▶ What needs to be done: In the entries, find all lines that hold the word "boundary" and copy them.

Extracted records
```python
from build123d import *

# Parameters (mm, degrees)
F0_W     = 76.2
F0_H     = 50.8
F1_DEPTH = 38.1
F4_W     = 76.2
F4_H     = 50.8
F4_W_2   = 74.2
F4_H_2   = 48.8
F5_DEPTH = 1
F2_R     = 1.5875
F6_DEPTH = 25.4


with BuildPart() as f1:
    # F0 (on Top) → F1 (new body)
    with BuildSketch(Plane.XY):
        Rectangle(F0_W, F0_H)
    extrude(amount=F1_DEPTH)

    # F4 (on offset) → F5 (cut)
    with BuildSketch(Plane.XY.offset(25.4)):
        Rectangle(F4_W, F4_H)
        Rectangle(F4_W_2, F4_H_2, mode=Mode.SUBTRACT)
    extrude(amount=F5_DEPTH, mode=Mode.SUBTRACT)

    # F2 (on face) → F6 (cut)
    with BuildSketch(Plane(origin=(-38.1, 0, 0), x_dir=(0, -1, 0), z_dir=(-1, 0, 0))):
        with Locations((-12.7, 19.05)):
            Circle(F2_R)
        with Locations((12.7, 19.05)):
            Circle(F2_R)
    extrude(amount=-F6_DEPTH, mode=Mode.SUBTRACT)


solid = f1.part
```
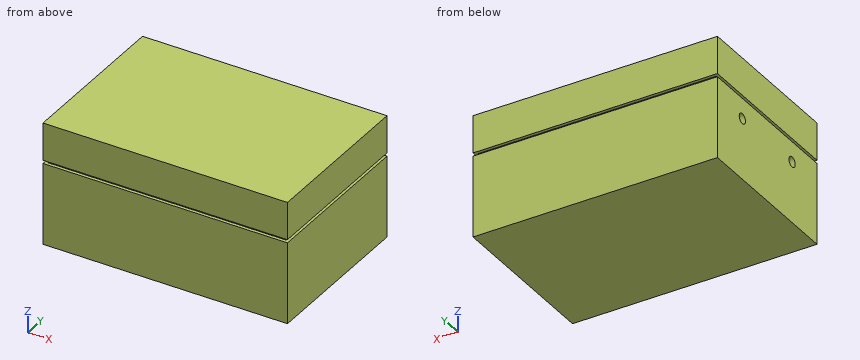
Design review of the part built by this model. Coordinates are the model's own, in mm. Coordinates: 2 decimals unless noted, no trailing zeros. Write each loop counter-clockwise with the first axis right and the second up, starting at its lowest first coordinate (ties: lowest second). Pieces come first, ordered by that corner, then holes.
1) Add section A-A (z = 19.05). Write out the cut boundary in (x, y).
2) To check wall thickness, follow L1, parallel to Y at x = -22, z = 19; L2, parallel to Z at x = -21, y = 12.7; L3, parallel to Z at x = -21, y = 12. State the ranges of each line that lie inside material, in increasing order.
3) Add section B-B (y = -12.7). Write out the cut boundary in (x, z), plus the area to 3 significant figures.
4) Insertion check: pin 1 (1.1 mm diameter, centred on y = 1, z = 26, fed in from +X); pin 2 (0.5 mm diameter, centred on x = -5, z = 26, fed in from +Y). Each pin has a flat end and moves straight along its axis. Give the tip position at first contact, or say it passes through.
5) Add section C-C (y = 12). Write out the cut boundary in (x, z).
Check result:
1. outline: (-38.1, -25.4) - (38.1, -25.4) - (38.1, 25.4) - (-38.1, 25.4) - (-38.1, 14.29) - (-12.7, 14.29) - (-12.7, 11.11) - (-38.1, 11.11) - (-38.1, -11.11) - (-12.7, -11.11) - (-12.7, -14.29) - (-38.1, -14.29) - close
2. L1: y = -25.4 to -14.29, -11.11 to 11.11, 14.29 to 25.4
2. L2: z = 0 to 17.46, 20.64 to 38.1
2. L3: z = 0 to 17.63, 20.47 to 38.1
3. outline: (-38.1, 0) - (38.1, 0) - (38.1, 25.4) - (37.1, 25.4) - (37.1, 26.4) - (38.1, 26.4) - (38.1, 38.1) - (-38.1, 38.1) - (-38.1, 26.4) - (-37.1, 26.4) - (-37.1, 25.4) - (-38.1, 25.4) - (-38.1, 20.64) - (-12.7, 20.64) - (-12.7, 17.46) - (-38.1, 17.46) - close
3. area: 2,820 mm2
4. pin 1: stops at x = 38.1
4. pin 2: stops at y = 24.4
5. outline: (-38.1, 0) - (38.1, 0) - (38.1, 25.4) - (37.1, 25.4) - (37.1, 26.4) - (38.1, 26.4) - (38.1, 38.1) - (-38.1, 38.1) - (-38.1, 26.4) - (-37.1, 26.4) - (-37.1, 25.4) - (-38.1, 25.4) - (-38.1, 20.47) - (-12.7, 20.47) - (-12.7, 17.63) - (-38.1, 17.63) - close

▶ Response area:
1) Add section A-A (z = 19.05). Write out the cut boundary in (x, y).
3) Add section B-B (y = -12.7). Write out the cut boundary in (x, z), plus the area to 3 significant figures.
5) Add section C-C (y = 12). Write out the cut boundary in (x, z).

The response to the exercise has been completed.